Each track link 26A and 26B may include one or more through holes 44, while each track shoe 30 may include a corresponding through hole 46. Each track link 26A and 26B may also include one or more openings 48 aligned with through holes 44. This arrangement allows threaded fasteners, such as bolts (not shown), to be placed within the through holes 44, 46 to attach the track shoes 30 to the track links 26A, 26B, and nuts (not shown). ) can be placed at the end of the bolt. Opening 48 may be formed to facilitate placement or tightening of the nut on the end of the bolt, such as by being sized, shaped, or located to accommodate a tool that can be used to tighten the nut.

Track links 26A and 26B may each define a plurality of additional through holes 50, 52 configured to receive at least a portion of track pin assembly 28 in a manner known in the art. For example, through hole 50 may be configured to receive a portion of bushing 42 and through hole 52 may be configured to receive a portion of a free end of track pin 40 . In this way, a pivot joint can be formed in the track pin assembly 28, allowing the chain assembly 18 to move freely about the drive sprocket 16, idler 20 and roller 22 during operation.

As shown in Figure 2, one or more of the track links 26A, 26B may include a sensing device 32. Although not shown in Figure 2, alternative embodiments may include a sensing device 32 disposed at least partially within a track shoe connected to one or more track links. The track links 26A, 26B selected to include the sensing device 32 are configured to determine the track link location within the track assembly 12 and its orientation relative to the machine 10, and the sensing device 32 is mounted on the selected track link 26. It can vary depending on a number of factors, such as the means by which the method is used. For example, if either of the track links 26A includes a sensing device 32, the sensing device 32 is more likely to be mechanically controlled than if either of the track links 26B includes a sensing device 32. It will be located closer to 10). Similarly, when the sensing device 32 is mounted on or adjacent to the inward-facing surface 36 or the outward-facing surface 38, the selected orientation of the track link 26 is such that the sensing device 32 is pointed toward the machine 10. It will determine whether to be there or away from the machine 10. In an exemplary embodiment, these factors may be considered when determining the position of track link 26 containing sensing device 32.

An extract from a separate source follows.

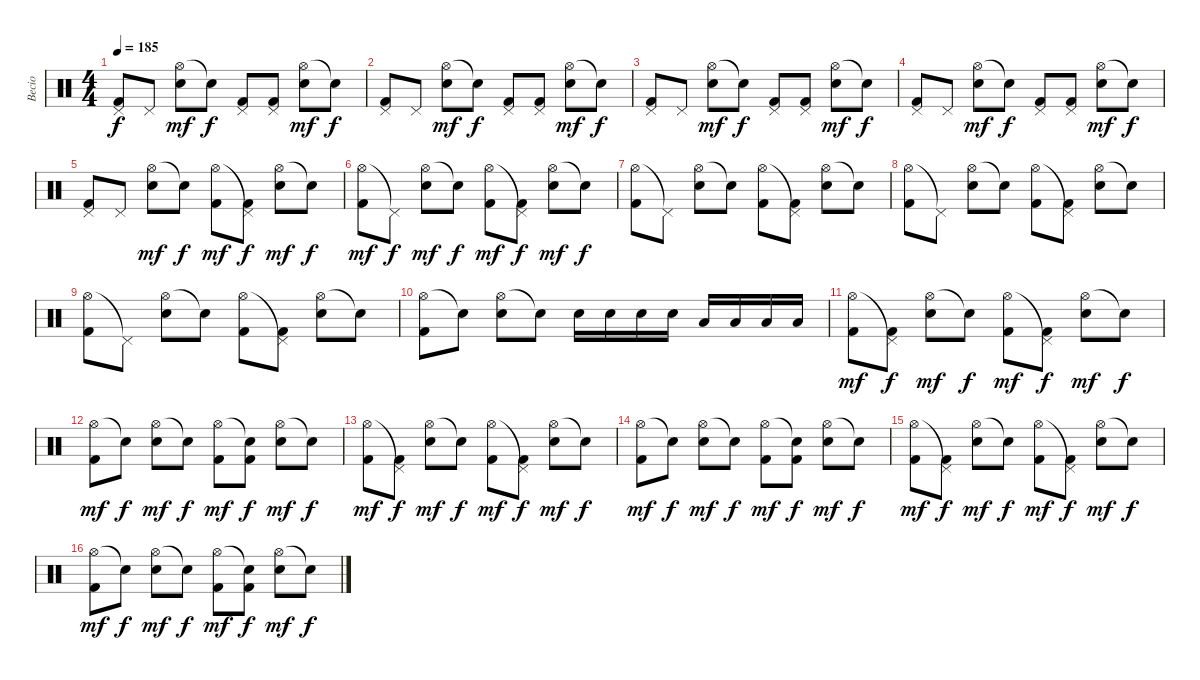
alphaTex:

In one embodiment, track links 26A, 26B may be selected to include sensing device 32 such that sensing device 32 can reliably communicate with communication device 34. Accordingly, the track links 26A, 26B selected may vary depending on the location of the communication device 34 on the machine 10. As shown in FIG. 2 , in the exemplary embodiment, sensing device 32 is positioned furthest from machine 10 and faces away from machine 10 , so that sensing device 32 is positioned along track link 26B. It can be mounted on the outward facing surface 38 of. This positioning may allow for reliable communication with the communication device 34 because signals may at least partially avoid traveling through components of the machine 10 to reach the communication device 34. am. However, in other embodiments, other locations and orientations of sensing device 32 may provide the same or better communication reliability.

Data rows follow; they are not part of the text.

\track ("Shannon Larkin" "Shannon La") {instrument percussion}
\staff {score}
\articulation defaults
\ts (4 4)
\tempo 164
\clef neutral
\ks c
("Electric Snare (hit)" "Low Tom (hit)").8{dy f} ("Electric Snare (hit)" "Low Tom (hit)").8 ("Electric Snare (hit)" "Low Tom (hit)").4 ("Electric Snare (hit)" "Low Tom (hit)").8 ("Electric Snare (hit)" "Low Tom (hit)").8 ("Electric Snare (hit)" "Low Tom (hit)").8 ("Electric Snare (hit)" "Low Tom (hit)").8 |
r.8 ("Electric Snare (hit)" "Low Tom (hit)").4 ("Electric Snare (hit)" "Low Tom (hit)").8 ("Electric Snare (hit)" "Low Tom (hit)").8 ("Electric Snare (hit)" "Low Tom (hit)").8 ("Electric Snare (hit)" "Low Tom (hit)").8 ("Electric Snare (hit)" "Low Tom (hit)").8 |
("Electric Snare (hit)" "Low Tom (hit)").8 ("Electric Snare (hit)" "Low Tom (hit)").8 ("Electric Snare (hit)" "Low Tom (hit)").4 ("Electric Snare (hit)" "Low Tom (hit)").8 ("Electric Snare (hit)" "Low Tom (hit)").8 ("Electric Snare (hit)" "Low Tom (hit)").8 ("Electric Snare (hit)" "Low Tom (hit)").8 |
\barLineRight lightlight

3 shows an example detection system 54 including a sensing device 32 and a communication device 34. In an example embodiment, detection system 54 may also include an onboard computer 56 and an offboard computer or remote device 58. Sensing device 32 may be mounted on track link 26 and configured to transmit a signal indicating the location of sensing device 32 to communication device 34 . Communication device 34 may be configured to receive signals and transmit corresponding signals to onboard computer 56 and/or off-board computer or remote device 58.

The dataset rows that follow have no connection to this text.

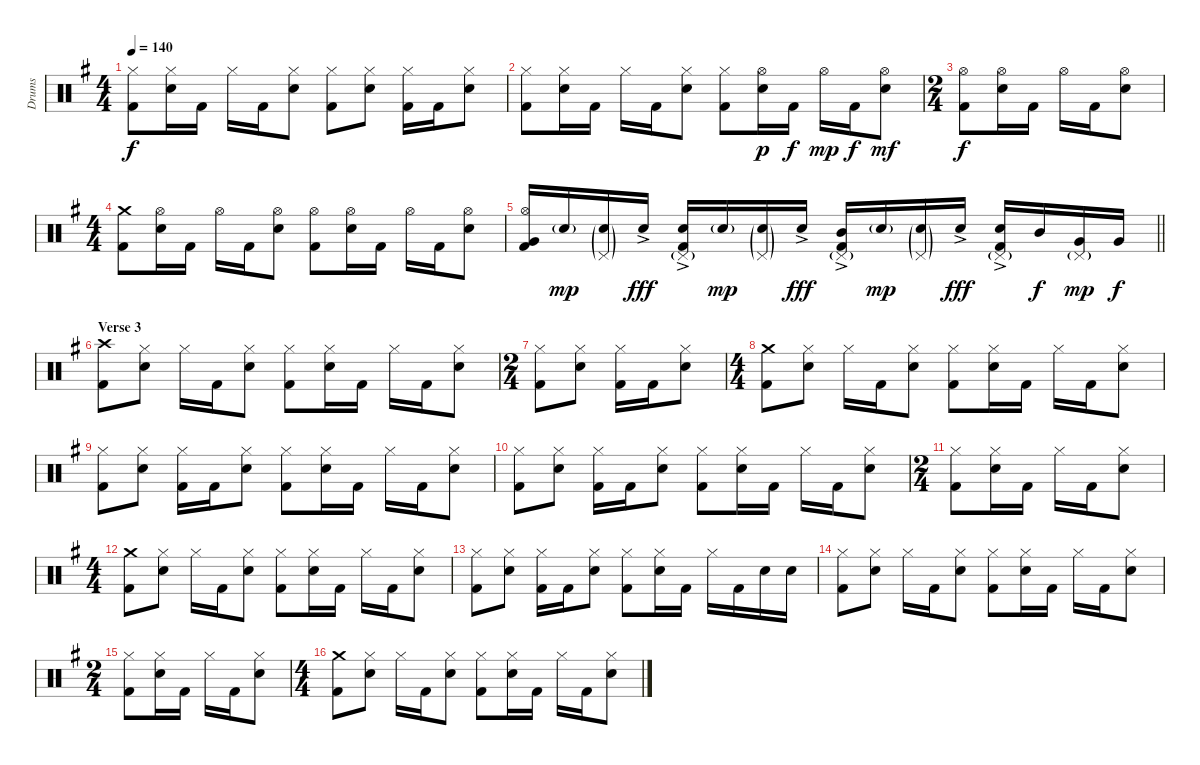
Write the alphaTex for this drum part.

\track ("Drums" "Drums") {instrument percussion}
\staff {score}
\articulation defaults
\ts (4 4)
\tempo 140
\clef neutral
\ks g
("Hi-Hat (closed)" "Kick (hit) 2").8{dy f} ("Hi-Hat (closed)" "Electric Snare (hit)").16 "Kick (hit) 2".16 "Hi-Hat (closed)".16 "Kick (hit) 2".16 ("Hi-Hat (closed)" "Electric Snare (hit)").8 ("Hi-Hat (closed)" "Kick (hit) 2").8 ("Hi-Hat (closed)" "Electric Snare (hit)").8 ("Hi-Hat (closed)" "Kick (hit) 2").16 "Kick (hit) 2".16 ("Hi-Hat (closed)" "Electric Snare (hit)").8 |
("Hi-Hat (closed)" "Kick (hit) 2").8 ("Hi-Hat (closed)" "Electric Snare (hit)").16 "Kick (hit) 2".16 "Hi-Hat (closed)".16 "Kick (hit) 2".16 ("Hi-Hat (closed)" "Electric Snare (hit)").8 ("Hi-Hat (closed)" "Kick (hit) 2").8 ("Hi-Hat (open)" "Electric Snare (hit)").16{dy p} "Kick (hit) 2".16{dy f} "Hi-Hat (open)".16{dy mp} "Kick (hit) 2".16{dy f} ("Hi-Hat (open)" "Electric Snare (hit)").8{dy mf} |
\ts (2 4)
("Hi-Hat (open)" "Kick (hit) 2").8{dy f} ("Hi-Hat (open)" "Electric Snare (hit)").16 "Kick (hit) 2".16 "Hi-Hat (open)".16 "Kick (hit) 2".16 ("Hi-Hat (open)" "Electric Snare (hit)").8 |
\ts (4 4)
("Crash medium (hit)" "Kick (hit) 2").8 ("Hi-Hat (open)" "Electric Snare (hit)").16 "Kick (hit) 2".16 "Hi-Hat (open)".16 "Kick (hit) 2".16 ("Hi-Hat (open)" "Electric Snare (hit)").8 ("Hi-Hat (open)" "Kick (hit) 2").8 ("Hi-Hat (open)" "Electric Snare (hit)").16 "Kick (hit) 2".16 "Hi-Hat (open)".16 "Kick (hit) 2".16 ("Hi-Hat (open)" "Electric Snare (hit)").8 |
\barLineRight lightlight
("Hi-Hat (open)" "Very Low Tom (hit)" "Kick (hit) 2").16 "Electric Snare (hit)"{g}.16{dy mp} ("Pedal Hi-Hat (hit)"{g} "Electric Snare (hit)"{g}).16 "Electric Snare (hit)"{ac}.16{dy fff} ("Pedal Hi-Hat (hit)"{g} "Electric Snare (hit)"{ac} "Kick (hit) 2").16 "Electric Snare (hit)"{g}.16{dy mp} ("Pedal Hi-Hat (hit)"{g} "Electric Snare (hit)"{g}).16 "Electric Snare (hit)"{ac}.16{dy fff} ("Pedal Hi-Hat (hit)"{g} "Mid Tom (hit)"{ac} "Kick (hit) 2").16 "Electric Snare (hit)"{g}.16{dy mp} ("Pedal Hi-Hat (hit)"{g} "Electric Snare (hit)"{g}).16 "Electric Snare (hit)"{ac}.16{dy fff} ("Pedal Hi-Hat (hit)"{g} "Electric Snare (hit)"{ac} "Kick (hit) 2").16 "Mid Tom (hit)".16{dy f} ("Pedal Hi-Hat (hit)"{g} "Very Low Tom (hit)").16{dy mp} "Very Low Tom (hit)".16{dy f} |
\section ("" "Verse 3")
("Crash high (hit)" "Kick (hit) 2").8 ("Hi-Hat (closed)" "Electric Snare (hit)").8 "Hi-Hat (closed)".16 "Kick (hit) 2".16 ("Hi-Hat (closed)" "Electric Snare (hit)").8 ("Hi-Hat (closed)" "Kick (hit) 2").8 ("Hi-Hat (closed)" "Electric Snare (hit)").16 "Kick (hit) 2".16 "Hi-Hat (closed)".16 "Kick (hit) 2".16 ("Hi-Hat (closed)" "Electric Snare (hit)").8 |
\ts (2 4)
("Hi-Hat (closed)" "Kick (hit) 2").8 ("Hi-Hat (closed)" "Electric Snare (hit)").8 ("Hi-Hat (closed)" "Kick (hit) 2").16 "Kick (hit) 2".16 ("Hi-Hat (closed)" "Electric Snare (hit)").8 |
\ts (4 4)
("Crash medium (hit)" "Kick (hit) 2").8 ("Hi-Hat (closed)" "Electric Snare (hit)").8 "Hi-Hat (closed)".16 "Kick (hit) 2".16 ("Hi-Hat (closed)" "Electric Snare (hit)").8 ("Hi-Hat (closed)" "Kick (hit) 2").8 ("Hi-Hat (closed)" "Electric Snare (hit)").16 "Kick (hit) 2".16 "Hi-Hat (closed)".16 "Kick (hit) 2".16 ("Hi-Hat (closed)" "Electric Snare (hit)").8 |
("Hi-Hat (closed)" "Kick (hit) 2").8 ("Hi-Hat (closed)" "Electric Snare (hit)").8 ("Hi-Hat (closed)" "Kick (hit) 2").16 "Kick (hit) 2".16 ("Hi-Hat (closed)" "Electric Snare (hit)").8 ("Hi-Hat (closed)" "Kick (hit) 2").8 ("Hi-Hat (closed)" "Electric Snare (hit)").16 "Kick (hit) 2".16 "Hi-Hat (closed)".16 "Kick (hit) 2".16 ("Hi-Hat (closed)" "Electric Snare (hit)").8 |
("Hi-Hat (closed)" "Kick (hit) 2").8 ("Hi-Hat (closed)" "Electric Snare (hit)").8 ("Hi-Hat (closed)" "Kick (hit) 2").16 "Kick (hit) 2".16 ("Hi-Hat (closed)" "Electric Snare (hit)").8 ("Hi-Hat (closed)" "Kick (hit) 2").8 ("Hi-Hat (closed)" "Electric Snare (hit)").16 "Kick (hit) 2".16 "Hi-Hat (closed)".16 "Kick (hit) 2".16 ("Hi-Hat (closed)" "Electric Snare (hit)").8 |
\ts (2 4)
("Hi-Hat (closed)" "Kick (hit) 2").8 ("Hi-Hat (closed)" "Electric Snare (hit)").16 "Kick (hit) 2".16 "Hi-Hat (closed)".16 "Kick (hit) 2".16 ("Hi-Hat (closed)" "Electric Snare (hit)").8 |
\ts (4 4)
("Crash medium (hit)" "Kick (hit) 2").8 ("Hi-Hat (closed)" "Electric Snare (hit)").8 "Hi-Hat (closed)".16 "Kick (hit) 2".16 ("Hi-Hat (closed)" "Electric Snare (hit)").8 ("Hi-Hat (closed)" "Kick (hit) 2").8 ("Hi-Hat (closed)" "Electric Snare (hit)").16 "Kick (hit) 2".16 "Hi-Hat (closed)".16 "Kick (hit) 2".16 ("Hi-Hat (closed)" "Electric Snare (hit)").8 |
("Hi-Hat (closed)" "Kick (hit) 2").8 ("Hi-Hat (closed)" "Electric Snare (hit)").8 ("Hi-Hat (closed)" "Kick (hit) 2").16 "Kick (hit) 2".16 ("Hi-Hat (closed)" "Electric Snare (hit)").8 ("Hi-Hat (closed)" "Kick (hit) 2").8 ("Hi-Hat (closed)" "Electric Snare (hit)").16 "Kick (hit) 2".16 "Hi-Hat (closed)".16 "Kick (hit) 2".16 "Electric Snare (hit)".16 "Electric Snare (hit)".16 |
("Hi-Hat (closed)" "Kick (hit) 2").8 ("Hi-Hat (closed)" "Electric Snare (hit)").8 "Hi-Hat (closed)".16 "Kick (hit) 2".16 ("Hi-Hat (closed)" "Electric Snare (hit)").8 ("Hi-Hat (closed)" "Kick (hit) 2").8 ("Hi-Hat (closed)" "Electric Snare (hit)").16 "Kick (hit) 2".16 "Hi-Hat (closed)".16 "Kick (hit) 2".16 ("Hi-Hat (closed)" "Electric Snare (hit)").8 |
\ts (2 4)
("Hi-Hat (closed)" "Kick (hit) 2").8 ("Hi-Hat (closed)" "Electric Snare (hit)").16 "Kick (hit) 2".16 "Hi-Hat (closed)".16 "Kick (hit) 2".16 ("Hi-Hat (closed)" "Electric Snare (hit)").8 |
\ts (4 4)
("Crash medium (hit)" "Kick (hit) 2").8 ("Hi-Hat (closed)" "Electric Snare (hit)").8 "Hi-Hat (closed)".16 "Kick (hit) 2".16 ("Hi-Hat (closed)" "Electric Snare (hit)").8 ("Hi-Hat (closed)" "Kick (hit) 2").8 ("Hi-Hat (closed)" "Electric Snare (hit)").16 "Kick (hit) 2".16 "Hi-Hat (closed)".16 "Kick (hit) 2".16 ("Hi-Hat (closed)" "Electric Snare (hit)").8

As shown in FIG. 3 , sensing device 32 may be located on surface 62 and link body 60 of track link 26 proximate surface 64 . In one exemplary embodiment, sensing device 32 may be disposed at least partially within a cavity formed in surface 62 such that sensing device 32 is at least partially embedded within link body 60 . The sensing device 32 may be fixed in a way that allows the signal generated by the sensing device 32 to be transmitted outside the link body 60, for example through a cavity perpendicular to the surface 62 or surface 64. You can.

In an exemplary embodiment, the sensing device 32 may be located partially or completely within a cavity formed in the outward surface 38 of the track link 26B. Alternative embodiments may have the sensing device 32 at least partially embedded in another surface of the track link or within a cavity formed in the connected track shoe. In the case of GPS-type, radio-frequency, radar, laser, infrared, and other types of sensing devices that require line-of-sight access to receive and/or transmit signals indicating the location of the sensing device, the sensing device (32 ) may be placed only partially within the cavity, or may be attached to the outer surface of the track link. In the case of a magnetic sensing device, such as a magnetic tag, which can be embedded in a metal component such as a track link or an associated track shoe and still provide a radio signal indicating the location of the tag, the sensing device 32 may be connected to a track link or associated track shoe. It may be fully contained within a cavity within the track shoe and potted in place with an epoxy material or other protective material.

According to various exemplary embodiments of the present disclosure, a sensing device 32 may be provided on each of two immediately adjacent track links or connected track shoes, or a pair of sensing devices 32 may be provided on one or more intermediate tracks in a track chain. It may be located on each of the track links or connected track shoes separated from each other by the link. As previously discussed, changes in the distance between the sensing devices located on each track link 26 may indicate internal wear in one or more track pin assemblies 28 that interconnect the track links 26. This internal wear of the components within the track pin assembly 28 may include wear on the outer surface of the pin 40 where the pin 40 engages through the hole 50, wear on the inner surface of the through hole 50, wear on the inner surface of the through hole 50, wear on the pin ( Wear on the outer surface of the pin 40 which engages the inner bore through the bushing 42, wear on the inner surface of the bore through the bushing 42, wear on the outer surface of the bushing 42, or track This may include wear at other locations on components of the pin assembly 28 or other components of the track chain. As one or more components wear out with use, the track links 26 may move apart under load, resulting in a poor fit between each track pin assembly 28 and the drive sprocket 16. By placing a sensing device 32 on each of the two immediately adjacent track links for every track link in the track chain, the exact location along the track chain where internal wear occurs can be identified. In some applications, a sensing device 32 is placed on at least one track link associated with each track pin assembly 28 so that any change in the distance between the track pin assemblies can be determined and corrective action can be taken. This may be desirable. In situations where there is no need to accurately identify the location of internal wear within the individual track links of the track chain, the sensing devices may be arranged on the track links spaced from each other by one or more intermediate track links. Placing the sensing device 32 on a track link separated by one or more intermediate track links allows the diagnosis of sections of the track chain that may require repair or replacement as a result of excessive internal wear of components located within those sections. there is.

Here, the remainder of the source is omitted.